2017-01-25 Thread Kevin Benton
>Obviously this is close to my interests, and I see Kevin's raised Gluon as
the bogeyman (which it isn't trying to be).

No, I was pointing out that it's not what I want Neutron to become. It's
entire purpose is to make defining new APIs as simple as writing YAML (i.e.
networking APIs as a service). I suspect there will always be deployments
where features need to be redefined at runtime for solving very specific
use cases, but I don't want that to be the default model of networking in
OpenStack.

>Setting aside all the above talk about how we might do things for a
moment: to take one specific feature example, it actually took several
/years/ to add VLAN-aware ports to OpenStack.  This is an example of a
feature that doesn't affect or interest the vast majority of the user
community

Now that it has been standardized on, other services can actually use it to
build things (e.g. Kuryr, Octavia). If each vendor just went and wrote up
their own extension for this, no project could reliably build anything on
top of it that would work with multiple backend vendors.
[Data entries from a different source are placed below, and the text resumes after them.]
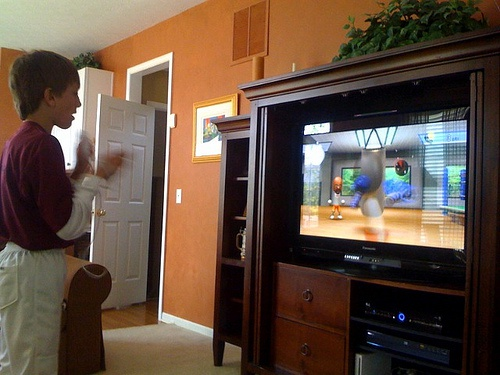Describe the objects in this image and their specific colors. I can see tv in beige, black, white, darkgray, and tan tones, people in beige, black, gray, and maroon tones, potted plant in beige, black, olive, brown, and darkgreen tones, chair in beige, black, maroon, and gray tones, and remote in beige, darkgray, lightgray, and gray tones in this image. 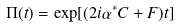Convert formula to latex. <formula><loc_0><loc_0><loc_500><loc_500>\Pi ( t ) = \exp [ ( 2 i \alpha ^ { * } C + F ) t ]</formula> 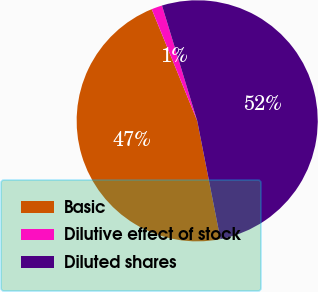<chart> <loc_0><loc_0><loc_500><loc_500><pie_chart><fcel>Basic<fcel>Dilutive effect of stock<fcel>Diluted shares<nl><fcel>46.93%<fcel>1.44%<fcel>51.63%<nl></chart> 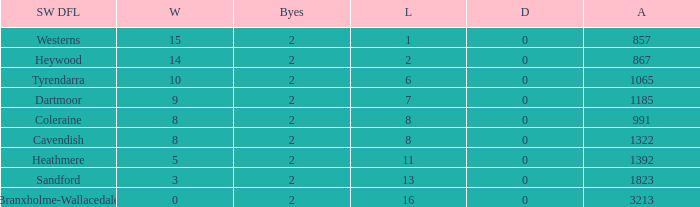Which Losses have a South West DFL of branxholme-wallacedale, and less than 2 Byes? None.

>and perhaps we need a governance model around ensuring that they are sane
and resuable.
>Gluon, specifically, is about solving exclusively the technical question
of how to introduce independent APIs

Doesn't that make Gluon support the opposite of having a governance model
and standardization for APIs?

>I do not care if we make Neutron extensible in some different way to
permit this, if we start a new project or whatever, I just want it to
happen.

I would like to promote experimentation with APIs with Neutron as well, but
I don't think it's ever going to be as flexible as the
configuration-defined behavior Gluon allows. My goal is getting new
features that extend beyond one backend and without some community
agreement on new APIs, I don't see how that's possible.



On Jan 25, 2017 12:44, "Ian Wells"  wrote:

I would certainly be interested in dicussing this, though I'm not currently
signed up for the PTG.  Obviously this is close to my interests, and I see
Kevin's raised Gluon as the bogeyman (which it isn't trying to be).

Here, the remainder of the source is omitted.